Having returned from a very sybaritic week at the beach (not the beach above, but a ‘proper Aussie beach’) I thought I would post this poem about some bathers I really did buy from Poland. Which is like selling coals to Newcastle, in reverse. I think.
Are they beachifying themselves in New Zealand, the United States, or Paris? I know not! I will press this albatross feather to find out, and I suggest you do the same:
March 12, 2012
Because it creeps into crevices like tiny crabs,
making a clutching claw of your buttocks,
and because these small private incursions
allow souvenir confetti to sprinkle for days,
as if the tacky beach had followed you home,
an over-friendly guest at the wedding reception
hoping to come on the honeymoon, sticking, and
because, unllke house dust and garden dirt
it seems clean, despite ten million dead things
crunching under your hot splayed feet,
fragmented into this smiling pointilist
carpet, into which you sink, wallowing;
you welcome it. You are the beached seal
on the long yellow towel spread out between
restlessness and mundanity, between sea
chopping, mouthing, swallowing, spitting,
and the inland everyday, shaping you,
trowelling you, like that avid child, eagerly
out-turning a bucket of wet,
The photo is of the place I like best in the world, on the south coast of New South Wales. I’m not going to give the exact location, as I am profoundly selfish. The tiny village there is surrounded by National Park so it can’t be extended. Locals (some of them) don’t want sewage or town water put on, to ensure no more development. You know you’re in the first world where people are campaigning against running water.

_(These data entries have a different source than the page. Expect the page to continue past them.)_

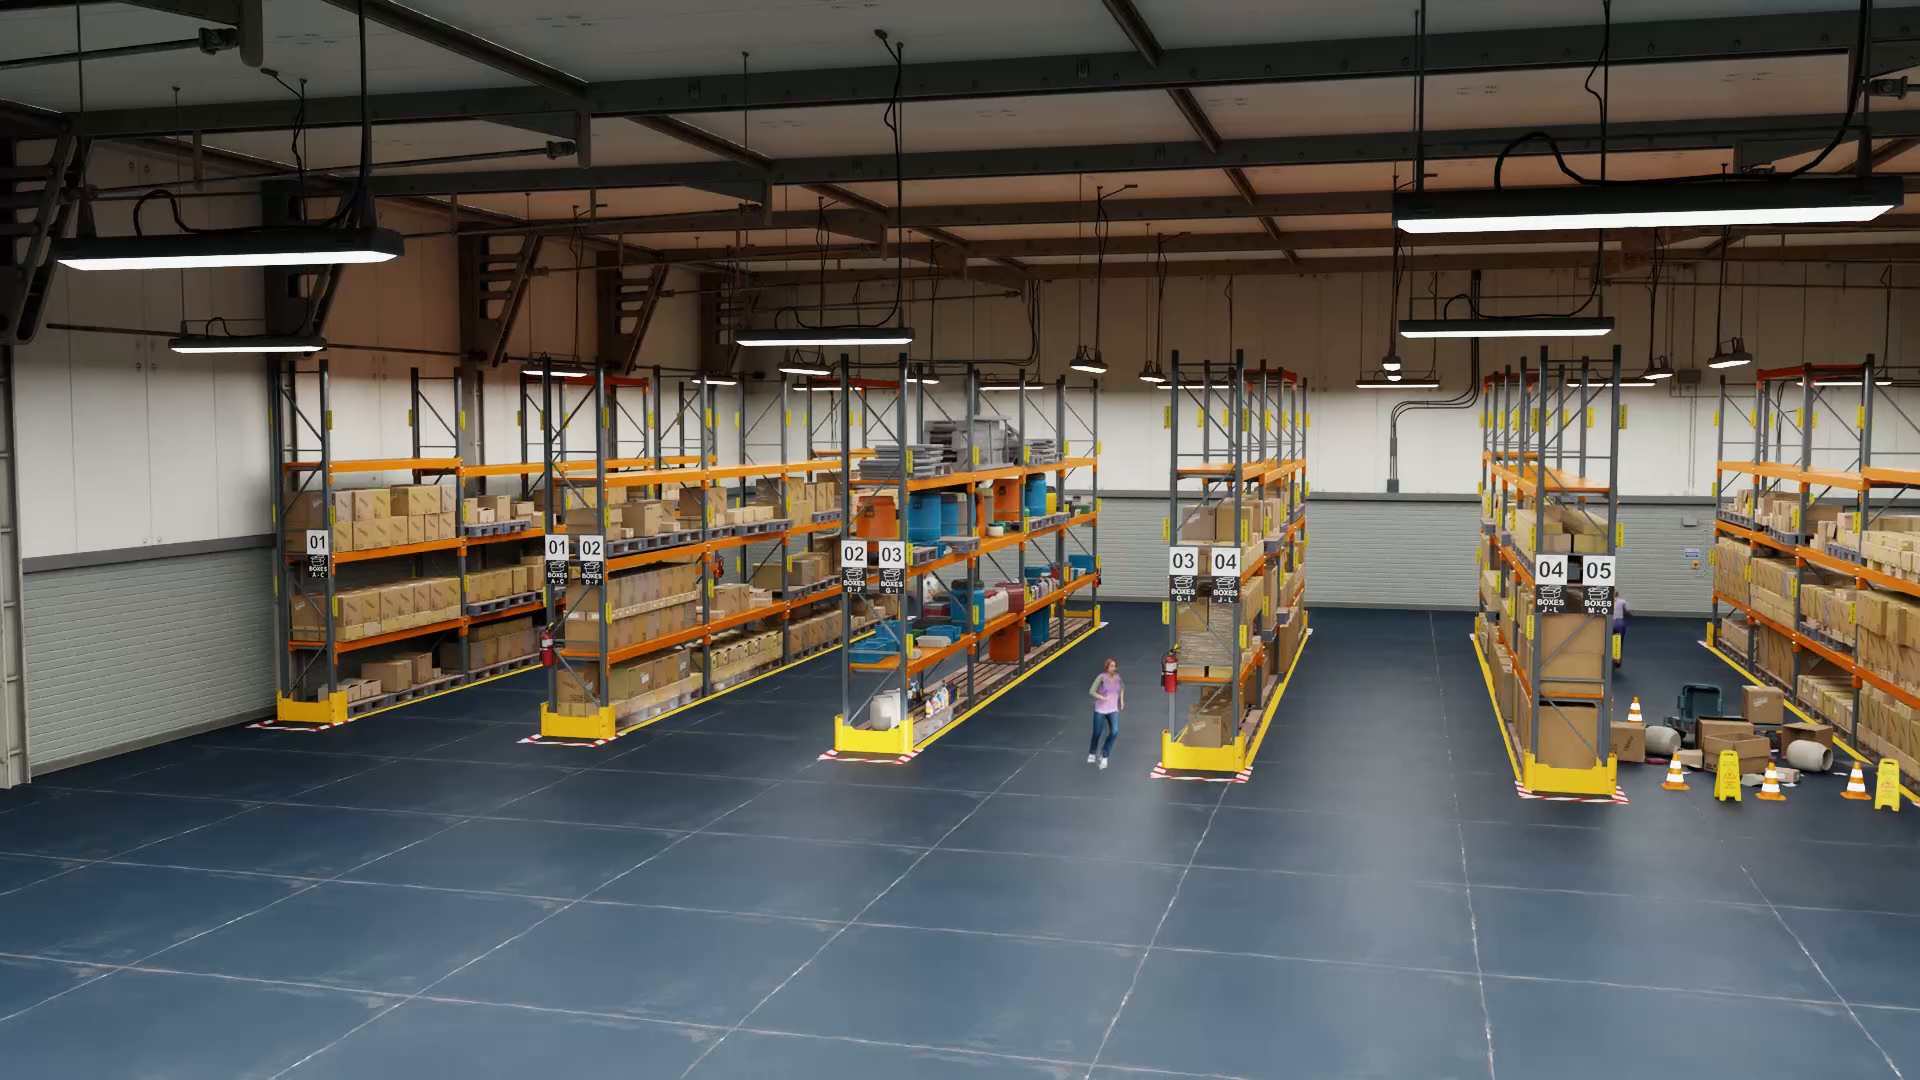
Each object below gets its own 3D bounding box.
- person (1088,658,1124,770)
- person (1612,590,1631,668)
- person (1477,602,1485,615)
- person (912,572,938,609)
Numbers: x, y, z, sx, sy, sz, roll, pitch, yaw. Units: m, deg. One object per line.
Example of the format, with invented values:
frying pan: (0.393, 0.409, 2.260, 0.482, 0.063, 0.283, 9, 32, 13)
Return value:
person: (2.131, 2.492, 24.017, 0.598, 1.599, 0.671, -1, 4, -14)
person: (13.129, 1.810, 33.329, 0.601, 1.662, 0.941, 1, 4, 18)
person: (12.456, 1.352, 39.115, 0.571, 1.689, 0.672, -1, 4, -8)
person: (-0.814, 1.439, 38.187, 0.613, 1.660, 0.726, 1, 4, 10)

Everyone in Canberra treks to the coast whenever they can. Yesterday (Monday) was a public holiday in the ACT for Canberra Day, so nearly everyone left Canberra for the long weekend. Next year is the 100th anniversary of Canberra, so it will be interesting to see if more people stay for the festivities.
Personally, I’ll take the sand every time, and the milder weather. Everyone was still wearing just bathers and thongs, and we’re into Autumn. Kangaroos frolic in backyards. Black cockatoos swirl around, particularly before rain. So. very. nice.
This poem is from my first poetry collection, The Glass Violin. For more poems from a variety of climates, please click on the feather, which I suspect is not that of a black cockatoo:
September 6, 2011
Huge rubber torpedoes loose themselves onto shore;
a giant’s speed-humps beached. Incomprehensible,
these commas in a language no-one knows to speak.
Like sheep they follow each other, but no canny dog
can turn them, head them back to deep supporting sea.
Victims of gravity, bulk weighs them down,
and spread of sand becomes a massy grave.
That short word why grows in watchers’ minds,
pressing like the bodies on that fatal beach.
No answer comes. We water them like giant bulbs,
and strain to plant them back in bed of ocean.
But sometimes there can be just too much coast.
Unseen sirens called them, and some turned back
to dire, heavy death. Lapped by waves,
gentle as a fading memory, what do whales see
in that final surge, before their spirits swim away?